Illustration of the Dish logo with a white and red background.

We did it, says Dish.
Illustration by Alex Castro / The Verge

According to Dish Network, things at Dish are going great. Yesterday marked its second FCC coverage deadline since it bought Boost from T-Mobile, and the company issued a press release today stating that it now covers 70 percent of the US population and has “also satisfied all other June 14, 2023 FCC commitments.” It’s not exactly mission accomplished just yet, though.

In meeting this FCC milestone, Dish says it has deployed over 15,000 5G cell sites and would like to remind us that it’s still the first wireless provider in the country to launch voice calling over 5G, known as VoNR — Voice over New Radio.

This is all well and good, but Dish’s wireless service still doesn’t look quite the same as AT&T’s or Verizon’s. The network itself is very much still in beta testing under its Project Genesis program, which requires you to purchase a new phone specially equipped to use new network features like three-carrier aggregation. The network is available to Boost customers in supported markets, but they need to use a phone that supports band 70 to access Dish’s 5G — and those are still uncommon.

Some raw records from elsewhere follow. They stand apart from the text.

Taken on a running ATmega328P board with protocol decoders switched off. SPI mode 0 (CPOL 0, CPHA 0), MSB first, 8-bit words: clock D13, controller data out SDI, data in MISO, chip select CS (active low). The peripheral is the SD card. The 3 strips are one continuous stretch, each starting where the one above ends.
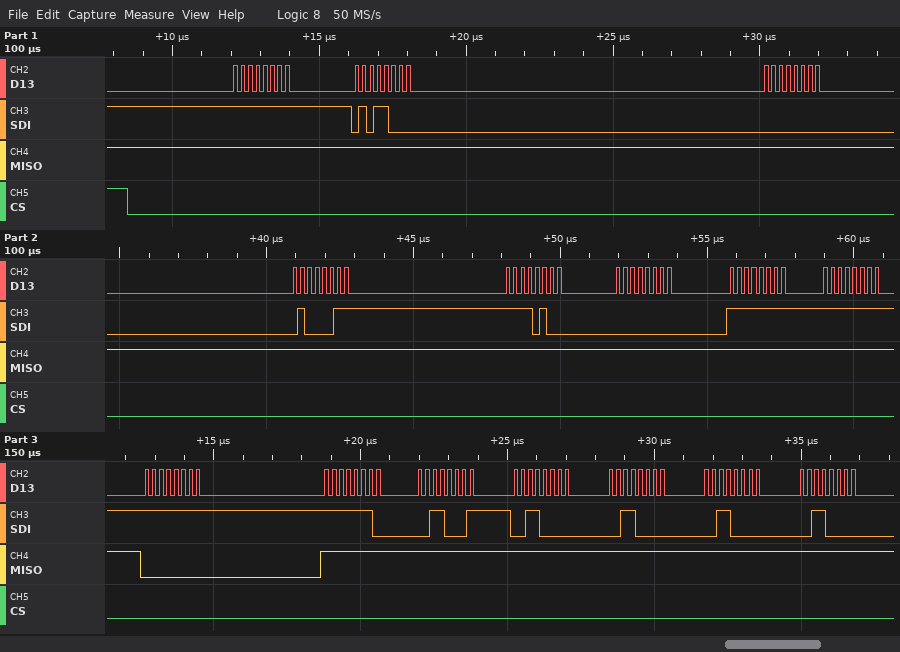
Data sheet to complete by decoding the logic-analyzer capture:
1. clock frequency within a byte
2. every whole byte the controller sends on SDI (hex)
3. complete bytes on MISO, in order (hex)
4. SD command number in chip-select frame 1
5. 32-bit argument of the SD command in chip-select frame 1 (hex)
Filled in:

Dish has had its share of setbacks getting to this goal, too. There was that cyberattack that took down the company’s support systems in February. The company’s chief commercial officer, who was charged with turning its 5G network into a profitable business, stepped down in January.

There’s also another big FCC deadline looming on the horizon: it needs to cover 75 percent of the areas where it holds spectrum licenses by June 2025. That’s going to be expensive, and there’s some speculation that Dish will ask for more time to meet that requirement. In the meantime, we’re still down to three wireless carriers who are scheming up clever ways to charge us more money.